Monday, July 6, 2020

Monday Closing Livestock Market Summary - Livestock Support Remains

GENERAL COMMENTS:
As perplexing as it may be, all three livestock markets rallied through Monday's closing. Cattle contracts closed with the biggest rally, but the deferred lean hog contracts weren't all that far behind. Hog prices are unavailable on the National Direct Afternoon Hog Report due to packer submission problems. September corn is up 3 cents per bushel and December soybean meal is up $1.80. The Dow Jones Industrial Average is up 459.67 points and NASDAQ is up 226.02 points.
LIVE CATTLE:
Live cattle contracts closed above $100 throughout the complex, which was a strong close that begs the question -- is this going to last or will the market's pressure of plentiful supply, heavier weights and weakening boxed beef prices erode the contracts to lower prices?
August live cattle closed $0.70 stronger at $100.10, October live cattle closed $1.25 higher at $103.92 and December live cattle closed $1.12 higher at $107.05. So far, the countryside has just seen a mild sampling of trade as most packers as still just inquiring about cattle. There were some cattle that traded in Kansas for $95 for immediate delivery to be killed this week. Bids and asking prices have yet to be established, but seeing that the board has traded higher now for a handful of days ... feeders are anticipated to prices cattle higher this week. Last week's slaughter totaled 593,000 head, with 109,000 head processed Friday and no cattle slaughtered Saturday. Monday's slaughter is estimated at 119,000 head, 2,000 head less than a week ago and steady with a year ago.
Boxed beef prices closed mixed: choice up $0.02 ($205.46) and select down $1.79 ($196.97) with a movement of 169 loads (91.91 loads of choice, 24.67 loads of select, 21.04 loads of trim and 31.79 loads of ground beef).

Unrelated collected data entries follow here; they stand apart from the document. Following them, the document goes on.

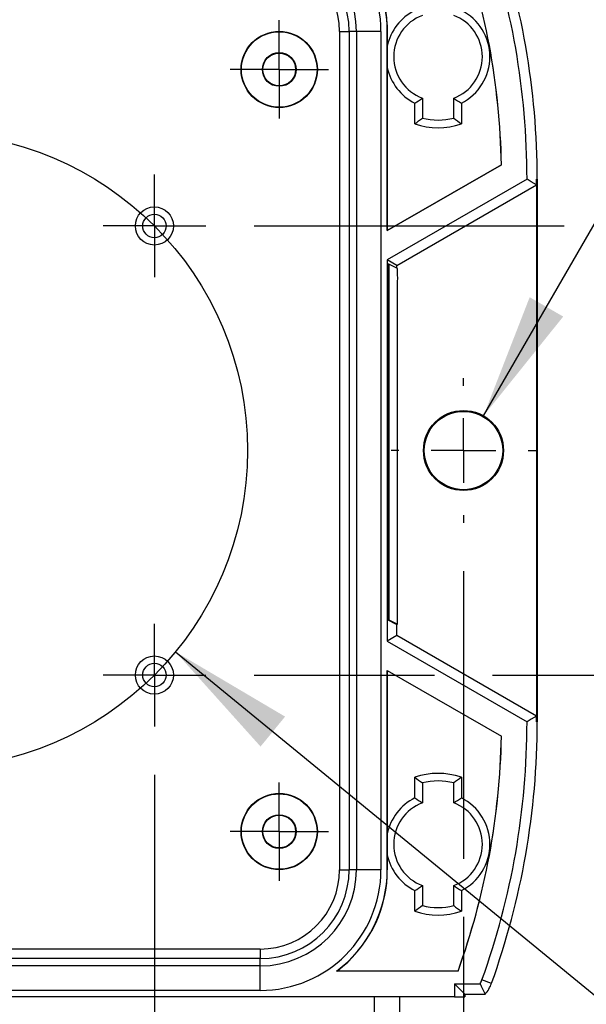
# Model space of a CAD drawing. Header units: millimetres. Extents: x 19 to 819, y 19 to 629.
# Tile 8 of 17: x 216 to 261, y 403 to 480. Entities that reach past the tile are written whole.
import ezdxf

# ---------------------------------------------------------------- set-up
doc = ezdxf.new("R2010")
doc.units = ezdxf.units.MM
doc.header["$LTSCALE"] = 3
doc.linetypes.add('SLD-Center', pattern=[19.05, 15.24, -1.27, 1.27, -1.27])
doc.linetypes.add('SLD-Solid', pattern=[0])
doc.layers.add('CENTER', color=40, linetype='SLD-Center')
doc.layers.add('DIMENSIONS', color=140, linetype='SLD-Solid', lineweight=25)
doc.styles.add('SLDTEXTSTYLE0', font='TXT', dxfattribs={"width": 0.7})
doc.dimstyles.new('SLDDIMSTYLE0', dxfattribs={"dimtxt": 6.474023, "dimasz": 9.906, "dimexe": 0, "dimexo": 0.0625, "dimgap": 1.618506, "dimtad": 0, "dimtih": 1, "dimtoh": 1, "dimdec": 1, "dimrnd": 1e-09, "dimzin": 4, "dimdsep": 46, "dimtxsty": 'SLDTEXTSTYLE0', "dimsah": 1, "dimcen": 0, "dimadec": 0, "dimazin": 1, "dimtfac": 1, "dimtdec": 1, "dimtofl": 0, "dimtmove": 0, "dimatfit": 3, "dimfxl": 0, "dimfrac": 2, "dimtolj": 1, "dimtzin": 12, "dimarcsym": 0})
doc.dimstyles.new('SLDDIMSTYLE1', dxfattribs={"dimtxt": 6.474023, "dimasz": 9.906, "dimexe": 0, "dimexo": 0.0625, "dimgap": 1.618506, "dimtad": 0, "dimtih": 1, "dimtoh": 1, "dimdec": 1, "dimrnd": 1e-09, "dimzin": 12, "dimdsep": 46, "dimtxsty": 'SLDTEXTSTYLE0', "dimsah": 1, "dimcen": 0.09, "dimadec": 0, "dimazin": 3, "dimtfac": 1, "dimtdec": 1, "dimtofl": 0, "dimtmove": 0, "dimatfit": 3, "dimfxl": 0, "dimfrac": 2, "dimtolj": 1, "dimtzin": 12, "dimarcsym": 0})
doc.dimstyles.new('SLDDIMSTYLE2', dxfattribs={"dimtxt": 6.474023, "dimasz": 9.906, "dimexe": 0, "dimexo": 0.0625, "dimgap": 1.618506, "dimtad": 0, "dimtih": 1, "dimtoh": 1, "dimdec": 1, "dimrnd": 1e-09, "dimzin": 4, "dimdsep": 46, "dimtxsty": 'SLDTEXTSTYLE0', "dimsah": 1, "dimcen": 0.09, "dimadec": 0, "dimazin": 1, "dimtfac": 1, "dimtdec": 1, "dimtofl": 0, "dimtmove": 0, "dimatfit": 3, "dimfxl": 0, "dimfrac": 2, "dimtolj": 1, "dimtzin": 12, "dimarcsym": 0})
doc.dimstyles.new('SLDDIMSTYLE4', dxfattribs={"dimtxt": 6.474023, "dimasz": 9.906, "dimexe": 0, "dimexo": 0.0625, "dimgap": 1.618506, "dimtad": 0, "dimtih": 1, "dimtoh": 1, "dimdec": 1, "dimrnd": 1e-09, "dimzin": 12, "dimdsep": 46, "dimtxsty": 'SLDTEXTSTYLE0', "dimsah": 1, "dimcen": 0, "dimadec": 0, "dimazin": 3, "dimtfac": 1, "dimtdec": 1, "dimtofl": 0, "dimtmove": 0, "dimatfit": 3, "dimfxl": 0, "dimfrac": 2, "dimtolj": 1, "dimtzin": 12, "dimarcsym": 0})
doc.dimstyles.new('SLDDIMSTYLE5', dxfattribs={"dimtxt": 6.474023, "dimasz": 9.906, "dimexe": 0, "dimexo": 0.0625, "dimgap": 1.618506, "dimtad": 0, "dimtih": 1, "dimtoh": 1, "dimdec": 1, "dimrnd": 1e-09, "dimzin": 12, "dimdsep": 46, "dimtxsty": 'SLDTEXTSTYLE0', "dimsah": 1, "dimcen": 0.09, "dimadec": 0, "dimazin": 3, "dimtfac": 1, "dimtdec": 1, "dimtmove": 0, "dimatfit": 0, "dimfxl": 0, "dimfrac": 2, "dimtolj": 1, "dimtzin": 12, "dimarcsym": 0})

# ---------------------------------------------------------------- blocks, each defined once
blk = doc.blocks.new('_D')
at = {"layer": 'DIMENSIONS'}
for p, q in [((228.524, 430.374), (282.636, 386.018)), ((315.397, 400.564), (313.223, 400.564)), ((313.223, 400.564), (313.223, 390.275)), ((334.635, 400.564), (336.809, 400.564)), ((336.809, 400.564), (336.809, 390.275)), ((313.223, 390.275), (315.397, 390.275)), ((336.809, 390.275), (334.635, 390.275)), ((282.636, 386.018), (299.304, 386.018))]:
    blk.add_line(p, q, dxfattribs=at)
blk.add_solid([(228.524, 430.374), (235.219, 422.915), (237.151, 425.273)], dxfattribs=at)
at = {"layer": 'DIMENSIONS', "char_height": 6.35, "attachment_point": 1, "style": 'SLDTEXTSTYLE0'}
for s, insert in [('%%c', (310.509, 410.199)), ('50.0', (320.284, 410.199)), ('1.97', (315.397, 398.46)), ('DRILLING', (304.067, 386.722)), ('PATTERN', (305.56, 376.432))]:
    blk.add_mtext(s, dxfattribs=dict(at, insert=insert))
blk = doc.blocks.new('_D_4')
at = {"layer": 'DIMENSIONS'}
for p, q in [((153.19, 436.722), (153.19, 344.197)), ((251.19, 436.722), (251.19, 414.081)), ((251.19, 409.509), (251.19, 344.197)), ((153.19, 353.722), (184.912, 353.722)), ((193.684, 353.722), (191.51, 353.722)), ((191.51, 353.722), (191.51, 343.433)), ((212.922, 353.722), (215.096, 353.722)), ((215.096, 353.722), (215.096, 343.433)), ((251.19, 353.722), (221.694, 353.722)), ((191.51, 343.433), (193.684, 343.433)), ((215.096, 343.433), (212.922, 343.433))]:
    blk.add_line(p, q, dxfattribs=at)
for points in [[(153.19, 353.722), (163.096, 352.198), (163.096, 355.246)], [(251.19, 353.722), (241.284, 355.246), (241.284, 352.198)]]:
    blk.add_solid(points, dxfattribs=at)
at = {"layer": 'DIMENSIONS', "char_height": 6.35, "attachment_point": 1, "style": 'SLDTEXTSTYLE0'}
for s, insert in [('98.0', (193.684, 363.357)), ('3.86', (193.684, 351.619))]:
    blk.add_mtext(s, dxfattribs=dict(at, insert=insert))
blk = doc.blocks.new('_D_6')
at = {"layer": 'DIMENSIONS'}
for p, q in [((306.051, 505.996), (303.877, 505.996)), ((303.877, 505.996), (303.877, 495.706)), ((325.289, 505.996), (327.463, 505.996)), ((327.463, 505.996), (327.463, 495.706)), ((252.765, 448.95), (280.272, 496.594)), ((280.272, 496.594), (296.94, 496.594)), ((303.877, 495.706), (306.051, 495.706)), ((327.463, 495.706), (325.289, 495.706))]:
    blk.add_line(p, q, dxfattribs=at)
blk.add_solid([(252.765, 448.95), (259.037, 456.767), (256.398, 458.291)], dxfattribs=at)
at = {"layer": 'DIMENSIONS', "char_height": 6.35, "attachment_point": 1, "style": 'SLDTEXTSTYLE0'}
for s, insert in [('%%c', (303.856, 515.631)), ('6.3', (313.631, 515.631)), ('0.25', (306.051, 503.892)), ('X2', (310.079, 492.153))]:
    blk.add_mtext(s, dxfattribs=dict(at, insert=insert))
blk = doc.blocks.new('_D_7')
at = {"layer": 'DIMENSIONS'}
for p, q in [((191.512, 420.695), (191.512, 369.888)), ((226.867, 420.695), (226.867, 369.888)), ((158.527, 379.413), (156.353, 379.413)), ((156.353, 379.413), (156.353, 369.124)), ((177.766, 379.413), (179.94, 379.413)), ((179.94, 379.413), (179.94, 369.124)), ((191.512, 379.413), (186.537, 379.413)), ((226.867, 379.413), (191.512, 379.413)), ((156.353, 369.124), (158.527, 369.124)), ((179.94, 369.124), (177.766, 369.124))]:
    blk.add_line(p, q, dxfattribs=at)
for points in [[(191.512, 379.413), (201.418, 377.889), (201.418, 380.937)], [(226.867, 379.413), (216.961, 380.937), (216.961, 377.889)]]:
    blk.add_solid(points, dxfattribs=at)
at = {"layer": 'DIMENSIONS', "char_height": 6.35, "attachment_point": 1, "style": 'SLDTEXTSTYLE0'}
for s, insert in [('35.4', (158.527, 389.048)), ('1.39', (158.527, 377.31))]:
    blk.add_mtext(s, dxfattribs=dict(at, insert=insert))
blk = doc.blocks.new('_D_8')
at = {"layer": 'DIMENSIONS'}
for p, q in [((292.51, 463.9), (292.51, 482.95)), ((234.717, 463.9), (259.11, 463.9)), ((263.682, 463.9), (302.035, 463.9)), ((282.891, 444.91), (280.717, 444.91)), ((280.717, 444.91), (280.717, 434.62)), ((302.129, 444.91), (304.303, 444.91)), ((304.303, 444.91), (304.303, 434.62)), ((280.717, 434.62), (282.891, 434.62)), ((304.303, 434.62), (302.129, 434.62)), ((234.717, 428.545), (248.904, 428.545)), ((253.476, 428.545), (302.035, 428.545)), ((292.51, 428.545), (292.51, 409.495))]:
    blk.add_line(p, q, dxfattribs=at)
for points in [[(292.51, 463.9), (294.034, 473.806), (290.986, 473.806)], [(292.51, 428.545), (290.986, 418.639), (294.034, 418.639)]]:
    blk.add_solid(points, dxfattribs=at)
at = {"layer": 'DIMENSIONS', "char_height": 6.35, "attachment_point": 1, "style": 'SLDTEXTSTYLE0'}
for s, insert in [('35.4', (282.891, 454.545)), ('1.39', (282.891, 442.806))]:
    blk.add_mtext(s, dxfattribs=dict(at, insert=insert))
blk = doc.blocks.new('SW_CENTERMARKSYMBOL_15')
at = {"layer": 'CENTER', "color": 0}
for p, q in [((0, 5.08), (0, 5.69)), ((0, 0), (0, 2.54)), ((-5.08, 0), (-5.69, 0)), ((0, 0), (-2.54, 0)), ((0, 0), (0, -2.54)), ((0, 0), (2.54, 0)), ((5.08, 0), (5.69, 0)), ((0, -5.08), (0, -5.69))]:
    blk.add_line(p, q, dxfattribs=at)
blk = doc.blocks.new('SW_CENTERMARKSYMBOL_18')
at = {"layer": 'CENTER', "color": 0}
for p, q in [((0, 2.54), (0, 3.868)), ((0, 0), (0, 2.54)), ((-2.54, 0), (-3.868, 0)), ((0, 0), (-2.54, 0)), ((0, 0), (0, -2.54)), ((0, 0), (2.54, 0)), ((2.54, 0), (3.868, 0)), ((0, -2.54), (0, -3.868))]:
    blk.add_line(p, q, dxfattribs=at)
blk = doc.blocks.new('SW_CENTERMARKSYMBOL_19')
at = {"layer": 'CENTER', "color": 0}
for p, q in [((0, 2.54), (0, 3.868)), ((0, 0), (0, 2.54)), ((-2.54, 0), (-3.868, 0)), ((0, 0), (-2.54, 0)), ((0, 0), (0, -2.54)), ((0, 0), (2.54, 0)), ((2.54, 0), (3.868, 0)), ((0, -2.54), (0, -3.868))]:
    blk.add_line(p, q, dxfattribs=at)
blk = doc.blocks.new('SW_CENTERMARKSYMBOL_23')
at = {"layer": 'CENTER', "color": 0}
for p, q in [((0, 2.54), (0, 4.04)), ((0, 0), (0, 2.54)), ((-2.54, 0), (-4.04, 0)), ((0, 0), (-2.54, 0)), ((0, 0), (0, -2.54)), ((0, 0), (2.54, 0)), ((2.54, 0), (4.04, 0)), ((0, -2.54), (0, -4.04))]:
    blk.add_line(p, q, dxfattribs=at)
blk = doc.blocks.new('SW_CENTERMARKSYMBOL_24')
at = {"layer": 'CENTER', "color": 0}
for p, q in [((0, 2.54), (0, 4.04)), ((0, 0), (0, 2.54)), ((-2.54, 0), (-4.04, 0)), ((0, 0), (-2.54, 0)), ((0, 0), (0, -2.54)), ((0, 0), (2.54, 0)), ((2.54, 0), (4.04, 0)), ((0, -2.54), (0, -4.04))]:
    blk.add_line(p, q, dxfattribs=at)

msp = doc.modelspace()

# ---------------------------------------------------------------- linework, layer by layer
for p, q in [((241.439, 479.222), (242.19, 479.222)), ((241.439, 479.222), (241.439, 413.222)), ((242.763, 479.222), (242.19, 479.222)), ((242.19, 479.222), (242.19, 413.222)), ((244.694, 479.222), (242.763, 479.222)), ((242.763, 479.222), (242.763, 413.222)), ((244.694, 479.222), (244.694, 413.222)), ((245.19, 479.222), (245.19, 463.532)), ((245.194, 478.06), (245.194, 479.734)), ((245.194, 463.539), (245.194, 476.385)), ((247.954, 473.964), (247.954, 472.393)), ((250.425, 472.393), (250.425, 473.964)), ((247.357, 471.949), (247.357, 473.574)), ((251.022, 473.574), (251.022, 471.949)), ((254.178, 468.721), (245.19, 463.532)), ((245.194, 463.539), (254.174, 468.724)), ((254.174, 468.724), (254.178, 468.721)), ((256.19, 467.573), (245.19, 461.222)), ((256.993, 467.573), (256.94, 467.573)), ((256.94, 467.573), (256.94, 424.872)), ((256.993, 467.573), (256.993, 424.872)), ((245.94, 460.789), (256.939, 467.139)), ((245.194, 463.539), (245.19, 463.532)), ((245.19, 461.222), (245.19, 431.222)), ((245.94, 460.789), (245.19, 461.222)), ((245.327, 460.881), (245.227, 460.881)), ((245.99, 460.549), (245.327, 460.881)), ((245.94, 460.574), (245.94, 460.789)), ((245.21, 459.889), (245.206, 433.89)), ((245.31, 459.889), (245.21, 459.889)), ((245.31, 459.889), (245.306, 433.89)), ((246.004, 433.541), (246.008, 459.54)), ((245.306, 433.89), (245.206, 433.89)), ((245.323, 432.882), (245.223, 432.882)), ((245.223, 432.882), (245.886, 432.55)), ((245.323, 432.882), (245.986, 432.55)), ((245.986, 432.55), (245.886, 432.55)), ((245.94, 431.656), (245.94, 432.55)), ((245.94, 431.656), (245.19, 431.222)), ((245.19, 431.222), (256.19, 424.872)), ((256.939, 425.306), (245.94, 431.656)), ((245.19, 428.913), (254.178, 423.723)), ((245.19, 428.913), (245.19, 413.222)), ((245.19, 428.913), (245.194, 428.906)), ((245.194, 416.048), (245.194, 428.906)), ((245.194, 428.906), (254.174, 423.721)), ((256.993, 424.872), (256.94, 424.872)), ((254.174, 423.721), (254.178, 423.723)), ((247.36, 418.869), (247.36, 420.494)), ((251.02, 420.494), (251.02, 418.869)), ((247.954, 420.052), (247.954, 418.481)), ((250.425, 418.481), (250.425, 420.052)), ((245.194, 412.71), (245.194, 414.397)), ((241.439, 413.222), (242.19, 413.222)), ((242.763, 413.222), (242.19, 413.222)), ((244.694, 413.222), (242.763, 413.222)), ((247.954, 411.964), (247.954, 410.393)), ((250.425, 410.393), (250.425, 411.964)), ((247.36, 409.951), (247.36, 411.576)), ((251.02, 411.576), (251.02, 409.951)), ((235.19, 406.973), (169.19, 406.973)), ((235.19, 406.973), (235.19, 406.222)), ((235.19, 406.222), (169.19, 406.222)), ((235.19, 405.649), (235.19, 406.222)), ((235.19, 405.649), (169.19, 405.649)), ((235.19, 403.718), (235.19, 405.649)), ((250.76, 405.222), (241.19, 405.222)), ((250.761, 405.24), (241.242, 405.24)), ((250.761, 405.24), (250.76, 405.222)), ((250.49, 404.222), (252.492, 404.222)), ((250.49, 404.222), (250.49, 403.222)), ((250.49, 404.222), (251.293, 403.42)), ((253.397, 404.273), (252.642, 404.545)), ((250.49, 403.222), (153.89, 403.222)), ((235.19, 403.718), (169.19, 403.718)), ((244.195, 402.021), (244.19, 403.222)), ((246.184, 402.021), (246.19, 403.222)), ((250.49, 403.222), (251.293, 403.222)), ((251.293, 403.42), (252.906, 403.42)), ((251.293, 403.42), (251.293, 403.222))]:
    msp.add_line(p, q)
at = {"flags": 128}
for points in [[(256.939, 467.139), (256.52, 467.382), (256.19, 467.573)], [(256.939, 425.306), (256.52, 425.062), (256.19, 424.872)]]:
    msp.add_lwpolyline(points, dxfattribs=at)
for centre, radius in [((236.69, 476.222), 3), ((236.69, 476.222), 2.972), ((236.69, 476.222), 1.328), ((236.69, 476.222), 1.291), ((226.867, 463.9), 1.5), ((226.867, 463.9), 0.923), ((251.19, 446.222), 3.15), ((251.19, 446.222), 3.084), ((226.867, 428.545), 1.5), ((226.867, 428.545), 0.923), ((236.69, 416.222), 3), ((236.69, 416.222), 2.972), ((236.69, 416.222), 1.328), ((236.69, 416.222), 1.291)]:
    msp.add_circle(centre, radius)
for centre, radius, start, end in [((235.19, 479.222), 9.505, 0, 90), ((196.19, 467.573), 60, 0, 19.80246), ((196.19, 467.573), 60.803, 0, 19.80246), ((235.19, 479.222), 10, 0, 53.1301), ((235.19, 479.222), 10.017, 2.92957, 52.83163), ((196.19, 467.573), 58, 1.13427, 19.80246), ((196.19, 467.573), 57.996, 1.13682, 19.78569), ((235.19, 479.222), 7.573, 0, 90), ((235.19, 479.222), 7, 0, 90), ((235.19, 479.222), 6.249, 0, 90), ((249.19, 477.222), 4.083, 116.67143, 168.15649), ((249.19, 477.222), 4.083, 296.67143, 63.32857), ((249.19, 477.222), 3.485, 110.75694, 249.24306), ((249.19, 477.222), 3.485, 290.75694, 69.24306), ((249.19, 477.222), 4.083, 191.84351, 243.32857), ((249.19, 477.222), 4.985, 255.65462, 284.34538), ((249.19, 477.222), 5.583, 250.83659, 289.16341), ((196.19, 467.573), 60.751, 359.59045, 0), ((259.089, 460.139), 13.882, 176.93615, 181.02893), ((259.189, 460.139), 13.882, 176.93615, 181.02893), ((231.207, 459.791), 14.803, 359.02978, 2.9353), ((260.007, 433.64), 14.803, 179.02978, 182.9353), ((260.107, 433.64), 14.803, 179.02978, 182.9353), ((232.124, 433.292), 13.882, 356.93615, 1.02893), ((196.19, 424.872), 60, 340.19754, 0), ((196.19, 424.872), 60.803, 340.19754, 0), ((196.19, 424.872), 60.751, 0, 0.40955), ((196.19, 424.872), 58, 340.19754, 358.86573), ((196.19, 424.872), 57.996, 340.21431, 358.86318), ((249.19, 415.222), 5.58, 70.85558, 109.14442), ((249.19, 415.222), 4.985, 75.65452, 104.34548), ((249.19, 415.222), 4.08, 116.6489, 168.33195), ((249.19, 415.222), 4.08, 296.6489, 63.3511), ((249.19, 415.222), 3.485, 110.75707, 249.24293), ((249.19, 415.222), 3.485, 290.75707, 69.24293), ((249.19, 415.222), 4.08, 191.66805, 243.3511), ((235.19, 413.222), 7.573, 270, 0), ((235.19, 413.222), 7, 270, 0), ((235.19, 413.222), 9.505, 270, 0), ((235.19, 413.222), 6.249, 270, 0), ((235.19, 413.222), 10, 306.8699, 0), ((235.19, 413.222), 10.017, 307.16837, 357.07043), ((249.19, 415.222), 4.985, 255.65452, 284.34548), ((249.19, 415.222), 5.58, 250.85558, 289.14442), ((250.76, 405.222), 2, 330, 340.19754), ((250.76, 405.222), 2.803, 319.96684, 340.19754)]:
    msp.add_arc(centre, radius, start, end)
for points, knots in [([(245.194, 479.734), (245.194, 479.716), (245.193, 479.681), (245.192, 479.624), (245.192, 479.568), (245.191, 479.511), (245.19, 479.455), (245.19, 479.399), (245.19, 479.342), (245.19, 479.284), (245.19, 479.242), (245.19, 479.222)], [0, 0, 0, 0, 0.186355, 0.352377, 0.498303, 0.624481, 0.73145, 0.820105, 0.892023, 0.950163, 1, 1, 1, 1]), ([(245.194, 476.385), (245.194, 476.455), (245.194, 476.594), (245.194, 476.804), (245.194, 477.012), (245.194, 477.29), (245.194, 477.642), (245.194, 477.92), (245.194, 478.06)], [0, 0, 0, 0, 0.126773, 0.251937, 0.375806, 0.498707, 0.746586, 1, 1, 1, 1]), ([(245.194, 414.397), (245.194, 414.466), (245.194, 414.603), (245.194, 414.81), (245.194, 415.015), (245.194, 415.289), (245.194, 415.636), (245.194, 415.909), (245.194, 416.048)], [0, 0, 0, 0, 0.126731, 0.251883, 0.37577, 0.498712, 0.746644, 1, 1, 1, 1]), ([(245.194, 412.71), (245.194, 412.729), (245.193, 412.764), (245.192, 412.821), (245.192, 412.877), (245.191, 412.933), (245.19, 412.99), (245.19, 413.046), (245.19, 413.103), (245.19, 413.161), (245.19, 413.203), (245.19, 413.222)], [0, 0, 0, 0, 0.186344, 0.352355, 0.498268, 0.624431, 0.731389, 0.820036, 0.891957, 0.950116, 1, 1, 1, 1]), ([(252.492, 404.222), (252.525, 404.163), (252.596, 404.04), (252.698, 403.847), (252.803, 403.638), (252.871, 403.494), (252.906, 403.42)], [0, 0, 0, 0, 0.221313, 0.461751, 0.721313, 1, 1, 1, 1])]:
    msp.add_open_spline(points, degree=3, knots=knots)
for points in [[(247.357, 473.574), (247.558, 473.698), (247.757, 473.827), (247.954, 473.964)], [(250.425, 473.964), (250.622, 473.827), (250.821, 473.698), (251.022, 473.574)], [(247.357, 471.949), (247.558, 472.092), (247.757, 472.24), (247.954, 472.393)], [(250.425, 472.393), (250.622, 472.24), (250.821, 472.092), (251.022, 471.949)], [(247.36, 420.494), (247.56, 420.351), (247.758, 420.205), (247.954, 420.052)], [(251.02, 420.494), (250.819, 420.351), (250.621, 420.205), (250.425, 420.052)], [(247.36, 418.869), (247.56, 418.746), (247.758, 418.617), (247.954, 418.481)], [(250.425, 418.481), (250.621, 418.617), (250.819, 418.746), (251.02, 418.869)], [(247.36, 411.576), (247.56, 411.699), (247.758, 411.828), (247.954, 411.964)], [(250.425, 411.964), (250.621, 411.828), (250.819, 411.699), (251.02, 411.576)], [(247.954, 410.393), (247.758, 410.24), (247.56, 410.093), (247.36, 409.951)], [(250.425, 410.393), (250.621, 410.24), (250.819, 410.093), (251.02, 409.951)], [(241.242, 405.24), (241.224, 405.234), (241.207, 405.228), (241.19, 405.222)]]:
    msp.add_open_spline(points, degree=3)
at = {"layer": 'CENTER', "linetype": 'SLD-Center'}
msp.add_circle((209.19, 446.222), 25, dxfattribs=at)

# ---------------------------------------------------------------- block references
at = {"layer": 'CENTER'}
for name, p in [('SW_CENTERMARKSYMBOL_18', (236.69, 476.222)), ('SW_CENTERMARKSYMBOL_23', (226.867, 463.9)), ('SW_CENTERMARKSYMBOL_15', (251.19, 446.222)), ('SW_CENTERMARKSYMBOL_24', (226.867, 428.545)), ('SW_CENTERMARKSYMBOL_19', (236.69, 416.222))]:
    msp.add_blockref(name, p, dxfattribs=at)

# ---------------------------------------------------------------- dimensions: what is measured, and where the dimension line sits
at = {"layer": 'DIMENSIONS'}
for p1, p2, text, dimstyle, picture, middle in [((249.615, 443.494), (252.765, 448.95), '<>\\PX2', 'SLDDIMSTYLE4', '_D_6', (315.67, 499.94)), ((189.855, 462.071), (228.524, 430.374), '<>\\PDRILLING\\PPATTERN', 'SLDDIMSTYLE0', '_D', (325.016, 389.364))]:
    dim = msp.add_diameter_dim_2p(p1=p1, p2=p2, text=text, dimstyle=dimstyle, dxfattribs=at)
    dim.commit()
    dim.dimension.update_dxf_attribs({"geometry": picture, "text_midpoint": middle, "dimtype": 163})
dim = msp.add_linear_dim(base=(292.51, 428.545), p1=(230.907, 463.9), p2=(230.907, 428.545), angle=90, dimstyle='SLDDIMSTYLE5', dxfattribs=at)
dim.commit()
dim.dimension.update_dxf_attribs({"geometry": '_D_8', "text_midpoint": (292.51, 444.91), "dimtype": 160})
for base, p1, p2, dimstyle, picture, middle in [((251.19, 353.722), (153.19, 440.532), (251.19, 440.532), 'SLDDIMSTYLE2', '_D_4', (203.303, 353.722)), ((226.867, 379.413), (191.512, 424.505), (226.867, 424.505), 'SLDDIMSTYLE1', '_D_7', (168.147, 379.413))]:
    dim = msp.add_linear_dim(base=base, p1=p1, p2=p2, dimstyle=dimstyle, dxfattribs=at)
    dim.commit()
    dim.dimension.update_dxf_attribs({"geometry": picture, "text_midpoint": middle, "dimtype": 160})

doc.saveas('drawing.dxf')

TUESDAY'S CASH CATTLE CALL: Steady. The market will either dance with steady prices or teeter lower again this week. Packers have been diligent about buying cattle consistently and for the most part, they've been mostly scheduled for early delivery. July will pressure the fat cattle market as there's an enormous amount of cattle to be processed.
FEEDER CATTLE:
Feeder cattle contracts were not shy about trading higher all throughout the day and closed anywhere from $0.55 to $1.37 stronger. August feeders closed $1.27 higher at $136.15, September feeders closed $1.37 higher at $137.22 and October feeders closed $1.15 higher at $137.85. Sales that took place early in the week last week fared quite well, but interest dwindles as the week progressed and got closer to the holiday weekend. Last week's auction summaries shared that, for the state of Nebraska, compared to the previous week, yearling steers sold mostly steady and yearling heifers over 650 pounds sold steady to $5.00 stronger. Demand was good with several buyers wanting cattle immediately. Some of the cattle came off grass while others were pulled from the grow yards. There's been more and more slaughter cows and bulls hitting the market as some areas of the state are showing great signs of dryness. The CME feeder cattle index 7/2/2020: down $0.17, $128.88.
LEAN HOGS:
The lean hog complex was able to close the day higher with nearby contracts closing just slightly higher; deferred contracts closed near $1.00 higher. July lean hogs closed $0.22 higher at $44.95, August lean hogs closed $0.7 higher at $49.27 and October lean hogs closed $0.70 higher at $49.05. 2020 contracts seem to be bearish through the end of the year as plentiful supply continues to be an issue, but as the calendar turns to 2021, prices look more optimistic. Pork cutouts totaled 467.53 loads with 414.56 loads of pork cuts and 52.97 loads of trim. Pork cutout values: down $2.12, $64.34. Last week's slaughter totaled 2,043,000 head, with 176,000 head on Friday and no hogs processed Saturday. Monday's slaughter is estimated at 452,000 head, 16,000 head less than a week ago and 31,000 head less than a year ago. The CME lean hog index 7/1/2020: down $0.26, $45.02.
TUESDAY'S CASH HOG CALL: Steady. Without knowing exactly what the cash market is trading for (packer submission problems), the long-term trend leans toward steady trade. There's obvious pressure on the market as ample supply continues to be an issue, but if packers have lofty kills planned, sometimes they have to up their bids to get the hog they need immediately.